There’s an interesting situation brewing in Chicago-land between the evil, well, misguided, no, actually, pure evil Chicago Cubs and the owners of rooftop buildings around Wrigley Field. The rooftop buildings offer a view into Wrigley Field and there was a time when friends would gather there to watch the game and have a few beers. Those days are over.
The buildings are now valuable real-estate partially because the owners have built little venues on the roofs and sell game-day tickets to fans. They have comfortable seats, food service, beer service, and other amenities to provide for paying customers. The Cubs worked out a deal with the owners of the rooftops so that the team is paid 17% of the gross revenue taken in by the building owners. The Cubs now think they can generate more revenue by building large billboards in the outfield. These billboards will cut into the value of the buildings across the way because they might block the view from certain venues. The current contract between the Cubs and the building owners runs through 2023.
The Wrigley Rooftop Association is now threatening to sue the Cubs to prevent them from building the signs. The Cubs figure the revenue from the signs will far outweigh that gained from the buildings across the street and plan to go ahead with construction. The war of words is heating up.
When I first read this story I didn’t even think it worth talking about because it seems, at first glance, that the Cubs certainly can make any addition to their stadium they desire. The WRA doesn’t have a say in how the team operates. Then I started to think about the contract which provides the Cubs with 17% of the revenue from buildings, buildings over which they have no say in said operation. I haven’t read the contract so my focus here is going to be more on what both parties expected rather than the legal letter of the law.
Technically the buildings are under no obligation to pay the Cubs anything. There are large office buildings across the street from New Busch Stadium here in St. Louis that offer a view into the ballpark during the games. The Cardinals have asked for no money from the building owners nor have the building owners asked the Cardinals for anything in the way of construction demands.
In this case, the two sides came to a mutually satisfactory agreement. The nature of this agreement seems plain to me. The WRA is paying the Cubs not to build any obstructions to the view garnered from their rooftops. Otherwise what’s the point? The building owners are under no obligation to pay anything to the Cubs and the Cubs are under no obligation about their operations to the WRA. Again, I haven’t read the actual contract but it seems plain this is the reason it exists. If this is the implicit understanding of the agreement, the Cubs should not be allowed to build the signs, contrary to my first thought.

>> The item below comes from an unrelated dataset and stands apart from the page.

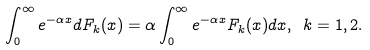Convert formula to latex. <formula><loc_0><loc_0><loc_500><loc_500>\int _ { 0 } ^ { \infty } e ^ { - \alpha x } d F _ { k } ( x ) = \alpha \int _ { 0 } ^ { \infty } e ^ { - \alpha x } F _ { k } ( x ) d x , \ k = 1 , 2 .</formula>

I’m fairly certain that some sort of buy-out can be arranged wherein the Cubs purchase the remaining years on the contract and go ahead with their signage. It’s possible the WRA won’t deal in which case it will end up in court. I suppose it depends on the metrics of the sign revenue, the current revenue from the buildings, and the cost of the buy-out.
Still, I found the story interesting because after examining the situation closely I completely changed my original opinion. I guess that’s my main point here. Always look at a problem fully because you never know what nuances might influence your opinion. Don’t make up your mind before you know the facts, and if the facts don’t support your original supposition, admit your error and move on.